Even at the scale of one socket and two socket systems, the increasing number of cores per chip will likely lead to users running combinations of multithreaded and single-threaded jobs (none using all the CPU cores) – more like the large SMP servers of the last decade than like traditional usage models. Increasing numbers of cores is also likely to lead to widespread adoption of virtualization even in these small systems, with multiple guest operating systems having dedicated cores, but competing for memory space, memory bandwidth, shared caches, and other shared resources.

The simple examples at the beginning of this article demonstrated the complexity of defining appropriate figures of merit for microprocessor chips with fairly limited degrees of freedom (e.g., one or two cores plus small or large cache). Dual-core processors first shipped in volume from 90 nm fabrication processes, with quad-core processors expected in quantity in 2007 based on 65 nm process technology. Going to 45 nm provides the possibility for another doubling (8 cores), 32 nm provides the possibility for another doubling (16 cores), and 22 nm technology providing yet another doubling (32 cores) is considered feasible.

Recent studies¹¹ have shown that the CMP design space is multidimensional both from the engineering and application performance perspectives. The parameter space associated with all the design possibilities inherent in the flexibility of having so many independent "modules" on chip is huge, but the real problem is that the definition of performance and performance/price metrics grows to have almost as many degrees of freedom. If every application of interest has different optimal design points for single-threaded performance, multi-threaded performance design point, single-threaded performance/price design point, and multi-threaded performance/price, then making design decisions is going to become even more difficult, and the struggle between commodity volumes and a proliferation of independent "optimal" design points will become one of the key challenges facing the industry.

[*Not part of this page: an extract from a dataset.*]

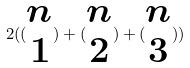<formula> <loc_0><loc_0><loc_500><loc_500>2 ( ( \begin{matrix} n \\ 1 \end{matrix} ) + ( \begin{matrix} n \\ 2 \end{matrix} ) + ( \begin{matrix} n \\ 3 \end{matrix} ) )</formula> 
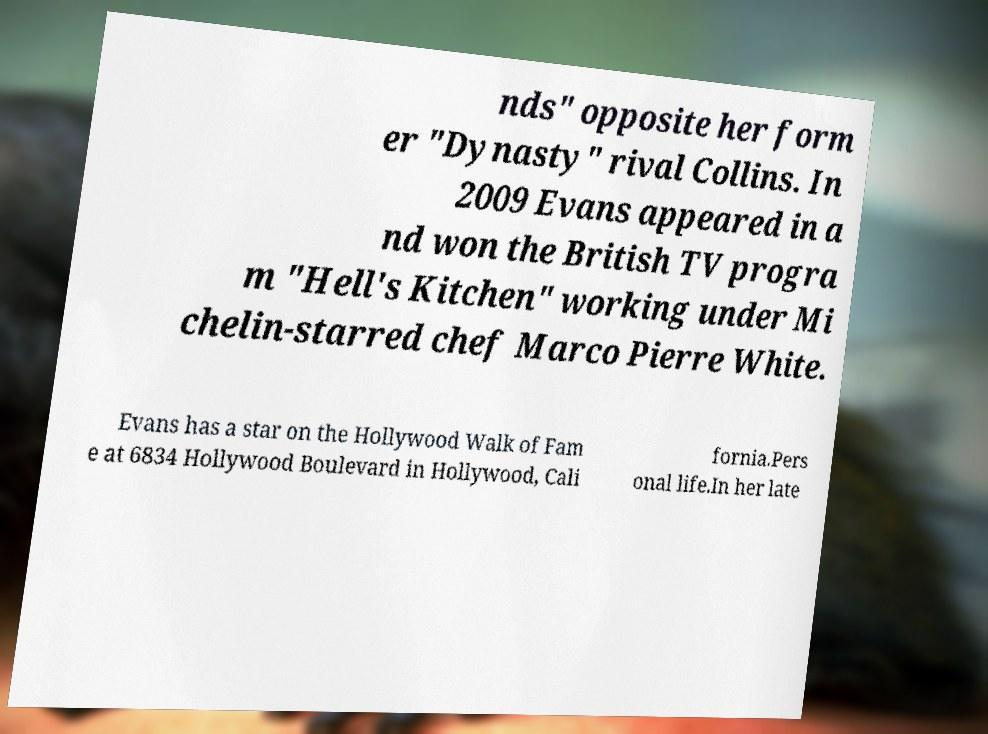I need the written content from this picture converted into text. Can you do that? nds" opposite her form er "Dynasty" rival Collins. In 2009 Evans appeared in a nd won the British TV progra m "Hell's Kitchen" working under Mi chelin-starred chef Marco Pierre White. Evans has a star on the Hollywood Walk of Fam e at 6834 Hollywood Boulevard in Hollywood, Cali fornia.Pers onal life.In her late

It is straightforward to demonstrate that, assuming different resources have different costs, a homogeneous multicore chip cannot be optimal for a heterogeneous workload. Expansion of the design space to include heterogeneous processor cores adds many new degrees of freedom. Parameters that might vary across cores include:

• Base ISA
• ISA extensions
• Cache size(s)
• Frequency
• Issue width
• Out of Order capability

The myriad possibilities created by multiplying the homogeneous multicore design space by this extra set of degrees of freedom are both exciting and daunting.
Of course multicore processors will not be limited to containing CPUs. Given the widespread incorporation of three-dimensional graphics into mobile, client, and workstation systems, integration of graphics processing units (or portions of graphics processing units) onto the processor chip seems a natural evolution, as in AMD's announced "Fusion" initiative. Other types of non-CPU heterogeneous architectures may become logical choices in the future, but today none of the contenders appear to have the critical mass required to justify inclusion in high-volume processor products.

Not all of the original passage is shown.